Using the definition of work, get a job on the tension of the spring with a spring constant 300,0 H / m 20,0sm. The spring stiffness of the spring gun with 400 Nm pro- ryadili bullet clenched spring by 5.0 cm. Weight 10.0 g bullet from the spray gun shot up. Determine the height to which the ball will fly. The bullet weighing 9.00 g having an initial velocity of 800 m / s, penetrates into filaments lead body weight of 500 kg and You are a flying suspended from it at a speed of 300 m / s. The length of the suspension sphere 1.00 m. On- maximum angle, which deviates the thread.

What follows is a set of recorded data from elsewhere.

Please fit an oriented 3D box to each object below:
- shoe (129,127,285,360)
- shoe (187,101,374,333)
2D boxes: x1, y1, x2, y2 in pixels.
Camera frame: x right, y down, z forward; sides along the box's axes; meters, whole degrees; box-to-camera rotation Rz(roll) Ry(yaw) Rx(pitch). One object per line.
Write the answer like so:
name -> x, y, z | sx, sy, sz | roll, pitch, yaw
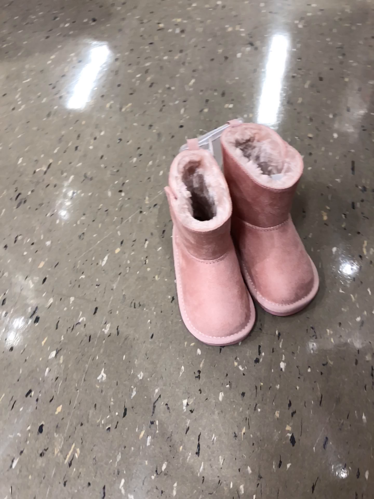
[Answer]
shoe -> 0.015, 0.001, 0.409 | 0.090, 0.150, 0.160 | -14, 61, -3
shoe -> 0.080, -0.027, 0.423 | 0.090, 0.150, 0.160 | -25, 62, -9

To determine the height to which the ball will fly, we need to consider the potential energy of the bullet and the work done against gravity.
First, let's calculate the potential energy of the bullet. The potential energy of an object can be calculated using the formula:
Potential Energy = mass * gravitational acceleration * height
Given:
Weight of bullet = 10.0g = 0.01kg
Height = ?
Gravitational acceleration = 9.8 m/s^2
Potential Energy = 0.01kg * 9.8 m/s^2 * height
Next, we need to calculate the work done against gravity. The work done against gravity can be calculated using the formula:
Work = force * distance
Given:
Spring constant (k) = 300,0 H/m
Extension of the spring (x) = 0.05m
Force applied by the spring = k * x
Work_done_against_gravity = weight_of_bullet * distance = force_applied_by_spring * distance
Now, let's substitute the given values into the formulas and solve for the height:
Potential Energy = Work_done_against_gravity
0.01kg * 9.8 m/s^2 * height = (300.0 H/m * 0.05m * 500kg * 9.8 m/s^2 * 1.00m)
Simplifying the equation:
height = (300.0 H/m * 0.05m * 500kg * 9.8 m/s^2 * 1.00m) / (0.01kg * 9.8 m/s^2)
By substituting the given values into the equation, you can solve for the height.